At the end of the day, diaries are fantasy, and atlases are an extension of fantasy.

The text spy on his own heart, but also spy on the distant lover. Cowardice hides in Abigail's emotionally charged prose, her bravery resting in the enjoyment of pleasure, but incapable of saving. Just as she had sneaked up to Tully's house and magnified Tully's figure with a telescope in the corner.

Abigail is a bird that sings in a cage and a bird that survives the cage. But that's about it.

What can the words in the diary bring? In fact, in a closed environment, the only variable is imagination. Imagination can be used for suicide, but it can also be a form of therapy.

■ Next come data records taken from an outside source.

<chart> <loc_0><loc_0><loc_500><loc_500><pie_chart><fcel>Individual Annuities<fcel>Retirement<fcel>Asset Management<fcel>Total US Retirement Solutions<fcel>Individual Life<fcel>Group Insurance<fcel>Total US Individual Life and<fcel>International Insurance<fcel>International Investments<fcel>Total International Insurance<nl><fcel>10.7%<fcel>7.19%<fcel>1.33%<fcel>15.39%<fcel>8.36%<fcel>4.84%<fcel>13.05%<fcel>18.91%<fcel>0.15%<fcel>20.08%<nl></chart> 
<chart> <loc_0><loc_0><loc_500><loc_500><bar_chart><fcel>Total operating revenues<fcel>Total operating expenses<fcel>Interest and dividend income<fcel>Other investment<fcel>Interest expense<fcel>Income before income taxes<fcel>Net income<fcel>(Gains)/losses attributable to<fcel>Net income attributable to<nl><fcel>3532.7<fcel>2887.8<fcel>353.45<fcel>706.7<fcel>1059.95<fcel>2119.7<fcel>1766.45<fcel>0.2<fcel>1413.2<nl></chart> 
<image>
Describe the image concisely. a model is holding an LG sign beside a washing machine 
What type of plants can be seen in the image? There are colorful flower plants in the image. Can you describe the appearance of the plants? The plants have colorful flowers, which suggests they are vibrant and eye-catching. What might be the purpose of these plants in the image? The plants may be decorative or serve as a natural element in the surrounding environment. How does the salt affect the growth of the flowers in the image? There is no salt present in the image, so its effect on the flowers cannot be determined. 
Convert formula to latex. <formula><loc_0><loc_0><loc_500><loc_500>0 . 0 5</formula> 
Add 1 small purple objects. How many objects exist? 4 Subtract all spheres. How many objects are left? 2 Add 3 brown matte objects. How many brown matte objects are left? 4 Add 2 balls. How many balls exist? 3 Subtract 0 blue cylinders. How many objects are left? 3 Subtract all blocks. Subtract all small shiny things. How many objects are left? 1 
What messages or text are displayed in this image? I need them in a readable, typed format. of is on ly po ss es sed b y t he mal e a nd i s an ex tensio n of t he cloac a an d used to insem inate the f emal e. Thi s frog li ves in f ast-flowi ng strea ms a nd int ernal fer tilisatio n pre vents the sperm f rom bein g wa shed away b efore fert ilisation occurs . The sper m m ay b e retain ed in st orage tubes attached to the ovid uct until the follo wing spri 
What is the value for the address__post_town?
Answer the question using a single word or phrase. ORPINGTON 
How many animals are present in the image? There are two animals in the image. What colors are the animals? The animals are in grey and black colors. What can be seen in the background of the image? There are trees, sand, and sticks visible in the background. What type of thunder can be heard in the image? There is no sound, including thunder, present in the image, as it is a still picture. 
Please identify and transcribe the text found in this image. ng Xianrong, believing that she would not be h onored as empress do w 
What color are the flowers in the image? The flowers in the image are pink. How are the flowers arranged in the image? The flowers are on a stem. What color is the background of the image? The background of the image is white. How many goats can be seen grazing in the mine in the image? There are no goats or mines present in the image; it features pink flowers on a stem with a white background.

It is a methodology for understanding the proposition of "being".

The only thing one can escape from is imagination, like Finney.

But all one can use to save oneself is imagination, like Abigail.

In the film, the dead daughter and the dead Tully uncover the bloody truth that "old fears always replace new ones."

The pain of life is constantly renewing, and new soil is waiting to dry up, and it urges the persistence and tenacity in the emotions to be more compact. In general, "Open Heart World" is a film that does not disappoint, and it has great advantages in terms of atmosphere, audio-visual language, and emotional tension. When you watch it, it will be like experiencing a phantom downpour.

View more about The World to Come reviews

Extended Reading
  • Bert 2022-03-20 09:03:05

    I don't know if it started with "The Burning Girl", the female love-themed movies are keen on this kind of literary text, and create a closed, isolated and cold environment. "Ammonite" and "The Burning Girl" are the same, and this film is also the same. Compared with the former, it seems that the latter did not deliberately hide the existence of men, but independently constructed a cage that belonged only to women, which men could not understand and never set foot in. The nuanced diary narration makes up for the lack of dramatic conflict and Abigail's emotional motivation. In fact, I prefer to understand that Tully is Abigail's imaginary character, filling the fire of her love that will be extinguished in the cold night. In the end, the snow and the cold night passed, and she also fell into the distance.

  • Vito 2022-03-15 09:01:11

    - I'm worried you'll catch a cold. -You smell like little cookies.

The World to Come quotes

  • Abigail: Meeting you has made my day

    Tallie: Oh, how pleasant and uncommon it is to make someone's day

  • Abigail: Tuesday, January 1st, 1856. With little pride and less hope, we begin the new year.